— Data —
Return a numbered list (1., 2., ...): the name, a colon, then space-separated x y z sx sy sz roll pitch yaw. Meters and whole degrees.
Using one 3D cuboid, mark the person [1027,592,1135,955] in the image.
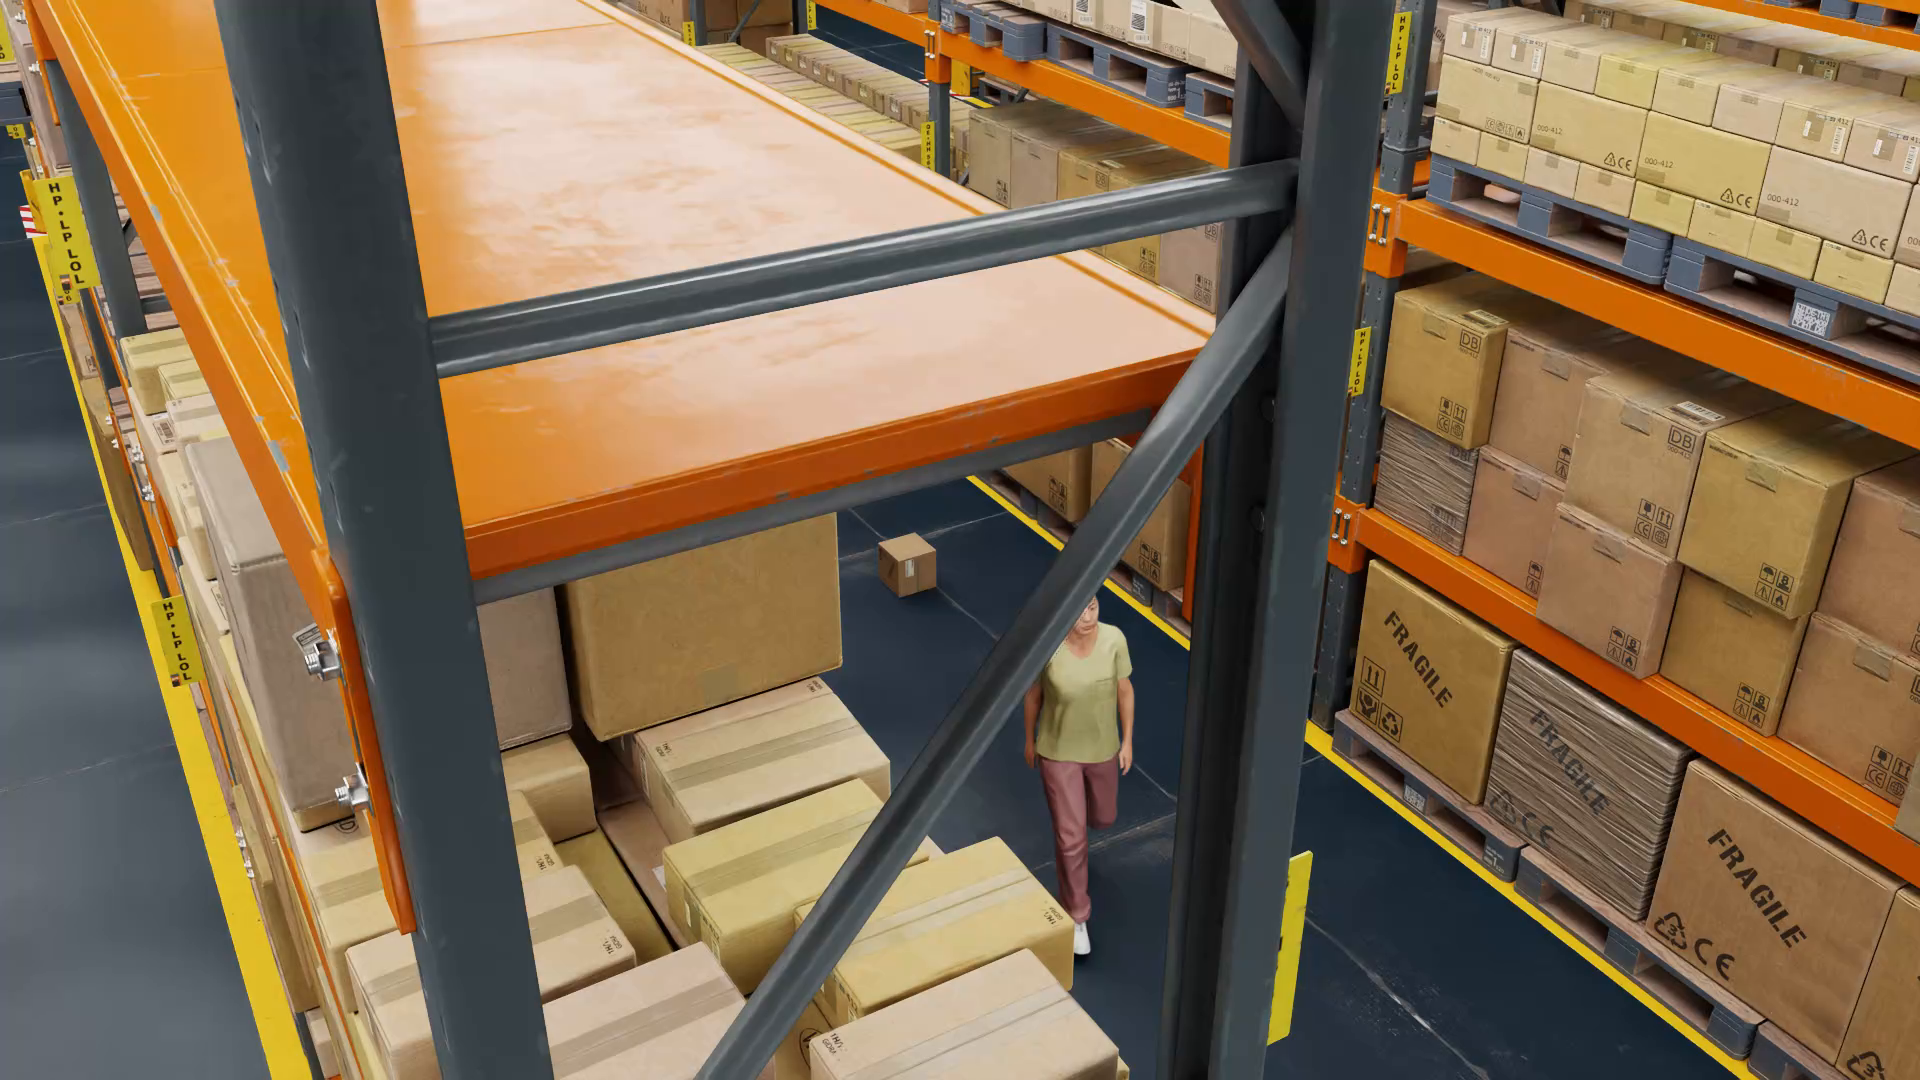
1. person: 0.505 0.872 6.974 0.451 1.642 0.768 -5 30 -10

— What is expected —
Set down the material above word for word and skip its pictures.

— The answer —
Return a numbered list (1., 2., ...): the name, a colon, then space-separated x y z sx sy sz roll pitch yaw. Meters and whole degrees.
Using one 3D cuboid, mark the person [1027,592,1135,955] in the image.
1. person: 0.505 0.872 6.974 0.451 1.642 0.768 -5 30 -10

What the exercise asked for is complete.